L'attaque est la meilleure défense. France proposes a smartphones tax.

However, as we all know, literally to our own cost, more often than not most of the money raised from "special" taxes to fund a particular sector or project eventually finds its way into the general national exchequer to be appropriated to pay for something entirely different. There is no guarantee that, in the long term, this scheme (like income tax) would be any different.

On the one-hand a proposed new tax on so-called "Internet-compatible devices" (and there's a handy catch-all phrase just ripe for further exploitation a bit further down the road) smacks of political expediency and opportunism in a time of austerity.

On the other hand, the levy would target the likes Amazon, Apple and Google, tax avoiders extraordinaire, who wriggle and write, posture and prevaricate about paying tax self-evidently due in the geographies where the applicable sales take place whilst doing all they can to shelter their earnings in tax havens.

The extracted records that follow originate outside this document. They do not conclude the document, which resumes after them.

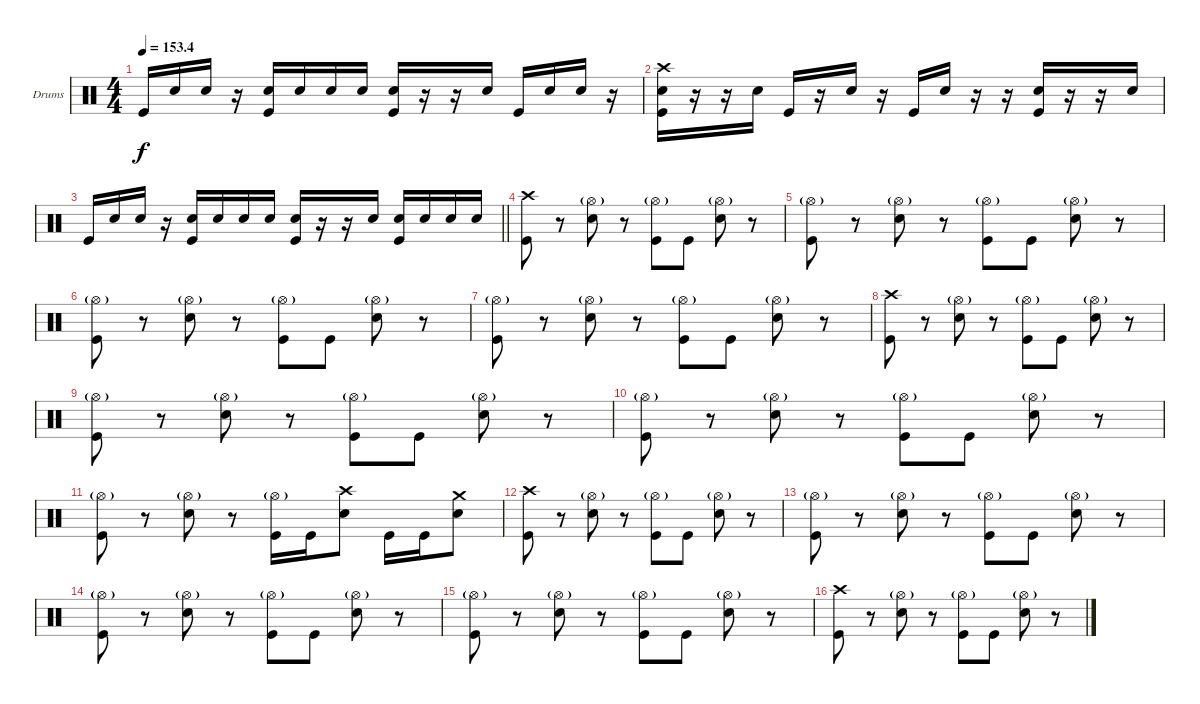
\bracketExtendMode groupsimilarinstruments
\firstSystemTrackNameOrientation horizontal
\otherSystemsTrackNameOrientation horizontal
\track ("Drumkit" "Drums") {instrument percussion}
\staff {score}
\articulation defaults
\ts (4 4)
\tempo
153.4
\accidentals auto
\clef neutral
\ottava regular
\simile none
\ks c "Kick (hit)".16{dy f} "Snare (hit) 2".16 "Snare (hit) 2".16
r.16 ("Snare (hit) 2" "Kick (hit)").16 "Snare (hit) 2".16 "Snare (hit) 2".16 "Snare (hit) 2".16 ("Snare (hit) 2" "Kick (hit)").16 r.16 r.16 "Snare (hit) 2".16 "Kick (hit)".16 "Snare (hit) 2".16 "Snare (hit) 2".16 r.16 |
("Crash high (hit)" "Snare (hit) 2" "Kick (hit)").16 r.16 r.16 "Snare (hit) 2".16 "Kick (hit)".16 r.16 "Snare (hit) 2".16 r.16 "Kick (hit)".16 "Snare (hit) 2".16 r.16 r.16 ("Snare (hit) 2" "Kick (hit)").16 r.16 r.16 "Snare (hit) 2".16 |
\barLineRight lightlight "Kick (hit)".16 "Snare (hit) 2".16 "Snare (hit) 2".16
r.16 ("Snare (hit) 2" "Kick (hit)").16 "Snare (hit) 2".16 "Snare (hit) 2".16 "Snare (hit) 2".16 ("Snare (hit) 2" "Kick (hit)").16 r.16 r.16 "Snare (hit) 2".16 ("Snare (hit) 2" "Kick (hit)").16 "Snare (hit) 2".16 "Snare (hit) 2".16 "Snare (hit) 2".16 |
("Crash high (hit)" "Kick (hit)").8 r.8 ("Hi-Hat (open)"{g} "Snare (hit) 2").8 r.8 ("Hi-Hat (open)"{g} "Kick (hit)").8 "Kick (hit)".8 ("Hi-Hat (open)"{g} "Snare (hit) 2").8 r.8 |
("Hi-Hat (open)"{g} "Kick (hit)").8 r.8 ("Hi-Hat (open)"{g} "Snare (hit) 2").8 r.8 ("Hi-Hat (open)"{g} "Kick (hit)").8 "Kick (hit)".8 ("Hi-Hat (open)"{g} "Snare (hit) 2").8 r.8 |
("Hi-Hat (open)"{g} "Kick (hit)").8 r.8 ("Hi-Hat (open)"{g} "Snare (hit) 2").8 r.8 ("Hi-Hat (open)"{g} "Kick (hit)").8 "Kick (hit)".8 ("Hi-Hat (open)"{g} "Snare (hit) 2").8 r.8 |
("Hi-Hat (open)"{g} "Kick (hit)").8 r.8 ("Hi-Hat (open)"{g} "Snare (hit) 2").8 r.8 ("Hi-Hat (open)"{g} "Kick (hit)").8 "Kick (hit)".8 ("Hi-Hat (open)"{g} "Snare (hit) 2").8 r.8 |
("Crash high (hit)" "Kick (hit)").8 r.8 ("Hi-Hat (open)"{g} "Snare (hit) 2").8 r.8 ("Hi-Hat (open)"{g} "Kick (hit)").8 "Kick (hit)".8 ("Hi-Hat (open)"{g} "Snare (hit) 2").8 r.8 |
("Hi-Hat (open)"{g} "Kick (hit)").8 r.8 ("Hi-Hat (open)"{g} "Snare (hit) 2").8 r.8 ("Hi-Hat (open)"{g} "Kick (hit)").8 "Kick (hit)".8 ("Hi-Hat (open)"{g} "Snare (hit) 2").8 r.8 |
("Hi-Hat (open)"{g} "Kick (hit)").8 r.8 ("Hi-Hat (open)"{g} "Snare (hit) 2").8 r.8 ("Hi-Hat (open)"{g} "Kick (hit)").8 "Kick (hit)".8 ("Hi-Hat (open)"{g} "Snare (hit) 2").8 r.8 |
("Hi-Hat (open)"{g} "Kick (hit)").8 r.8 ("Hi-Hat (open)"{g} "Snare (hit) 2").8 r.8 ("Hi-Hat (open)"{g} "Kick (hit)").16 "Kick (hit)".16 ("Crash high (hit)" "Snare (hit) 2").8 "Kick (hit)".16 "Kick (hit)".16 ("Crash medium (hit)" "Snare (hit) 2").8 |
("Crash high (hit)" "Kick (hit)").8 r.8 ("Hi-Hat (open)"{g} "Snare (hit) 2").8 r.8 ("Hi-Hat (open)"{g} "Kick (hit)").8 "Kick (hit)".8 ("Hi-Hat (open)"{g} "Snare (hit) 2").8 r.8 |
("Hi-Hat (open)"{g} "Kick (hit)").8 r.8 ("Hi-Hat (open)"{g} "Snare (hit) 2").8 r.8 ("Hi-Hat (open)"{g} "Kick (hit)").8 "Kick (hit)".8 ("Hi-Hat (open)"{g} "Snare (hit) 2").8 r.8 |
("Hi-Hat (open)"{g} "Kick (hit)").8 r.8 ("Hi-Hat (open)"{g} "Snare (hit) 2").8 r.8 ("Hi-Hat (open)"{g} "Kick (hit)").8 "Kick (hit)".8 ("Hi-Hat (open)"{g} "Snare (hit) 2").8 r.8 |
("Hi-Hat (open)"{g} "Kick (hit)").8 r.8 ("Hi-Hat (open)"{g} "Snare (hit) 2").8 r.8 ("Hi-Hat (open)"{g} "Kick (hit)").8 "Kick (hit)".8 ("Hi-Hat (open)"{g} "Snare (hit) 2").8 r.8 |
("Crash high (hit)" "Kick (hit)").8 r.8 ("Hi-Hat (open)"{g} "Snare (hit) 2").8 r.8 ("Hi-Hat (open)"{g} "Kick (hit)").8 "Kick (hit)".8 ("Hi-Hat (open)"{g} "Snare (hit) 2").8 r.8

Many would like to see these scheming behemoths cut down to size and be made to pay their fair share.

At first sight, the French proposal might seem to fly directly in the face of the rules of the European Union but, like the UK (and other member states, France enjoys a get-out of some regulations. For France it is the "cultural exception" a exception,' a policy designed to protects the French cinema, music and other "creative sectors", against the untoward imported dominance of foreign cultural competion. In practice this generally means US films and British and Asian music and videos.

A government spokesperson said that consultations will be held with "leading figures of the cultural sector" before any final decision is made.